I’m a Malayalee who spent a significant number of my growing up years outside Kerala. This piece of land on the Malabar Coast has its own unique culture, tradition and way of life. If you are not brought up here you may just not get modus operandi of the place.


Confession 1 : The Malayalee’s Obsession with the Coconut.

 The sun was up in the eastern horizon in Kunnathur, the birds were chirping and some melodious Malayalam song was being played in the radio .The new bride me steps into the kitchen determined to learn some cooking. My mother-in-law looks at me with hope in her eyes, the hope to turn me into the next Masterchef. I give her the I-will-live-up-to-your-expectation look. She smiles and then hands me a half coconut. I receive it with enthusiasm. “Do you know what to do with it?” she asks me. I stare at the coconut curiously for a while and then back at her. Obviously I didn't have a clue.

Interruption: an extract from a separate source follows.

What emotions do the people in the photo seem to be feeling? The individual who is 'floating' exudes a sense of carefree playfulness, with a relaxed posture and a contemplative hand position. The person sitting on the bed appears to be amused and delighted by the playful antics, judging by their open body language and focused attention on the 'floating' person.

Then she points to the coconut shredder placed at the corner of the kitchen.  Now for those of you who haven’t seen one, let me take the liberty of explaining it. It is a narrow plank of wood with legs that looks like a mini stool fit for probably a 5 year old to sit. Attached to one end of this stool is what a circular blade.  Again I stared at the Shedder curiously for a while and then back at her.  She smiles and asks me “Have you used this before?” I nod my head in humiliation. In Abu Dhabi where I grew up I've seen my dad pick up a packet of grated coconut from the departmental store and my mom storing it in the freezer.

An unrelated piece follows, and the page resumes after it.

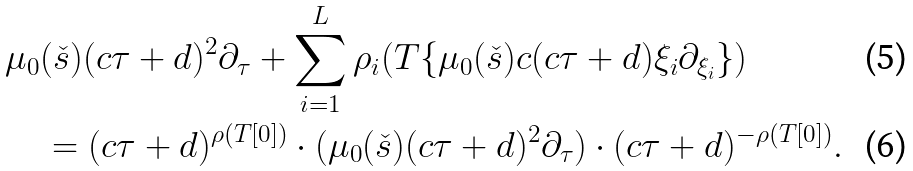Convert formula to latex. <formula><loc_0><loc_0><loc_500><loc_500>& \mu _ { 0 } ( \check { s } ) ( c \tau + d ) ^ { 2 } \partial _ { \tau } + \sum _ { i = 1 } ^ { L } \rho _ { i } ( T \{ \mu _ { 0 } ( \check { s } ) c ( c \tau + d ) \xi _ { i } \partial _ { \xi _ { i } } \} ) \\ & \quad = ( c \tau + d ) ^ { \rho ( T [ 0 ] ) } \cdot ( \mu _ { 0 } ( \check { s } ) ( c \tau + d ) ^ { 2 } \partial _ { \tau } ) \cdot ( c \tau + d ) ^ { - \rho ( T [ 0 ] ) } .</formula>

“Don’t worry”, she says “I’ll show you how it is done.” She sits on the plank took the coconut from hand and starts grating it with great ease.  “Oh! Is that all!” I tell her, “No problem I shall do this.” I enthusiastically take the coconut from her hands and assure her that the job will be done in a jiffy.
I sit on the plank stool and something doesn't feel right. I get up and closely examine it. That is when the realization strike me that sitting on this fragment of a stool alone will be a Herculean task. So I manage to sit (read bend, flex and balance) on the plank and then I imitate the up-and-down motion of the coconut on the round blade. The coconut refuses to budge and I wasn't ready to let go… What followed was a 15 minutes of brutal combat with me on one end and the coconut on the other.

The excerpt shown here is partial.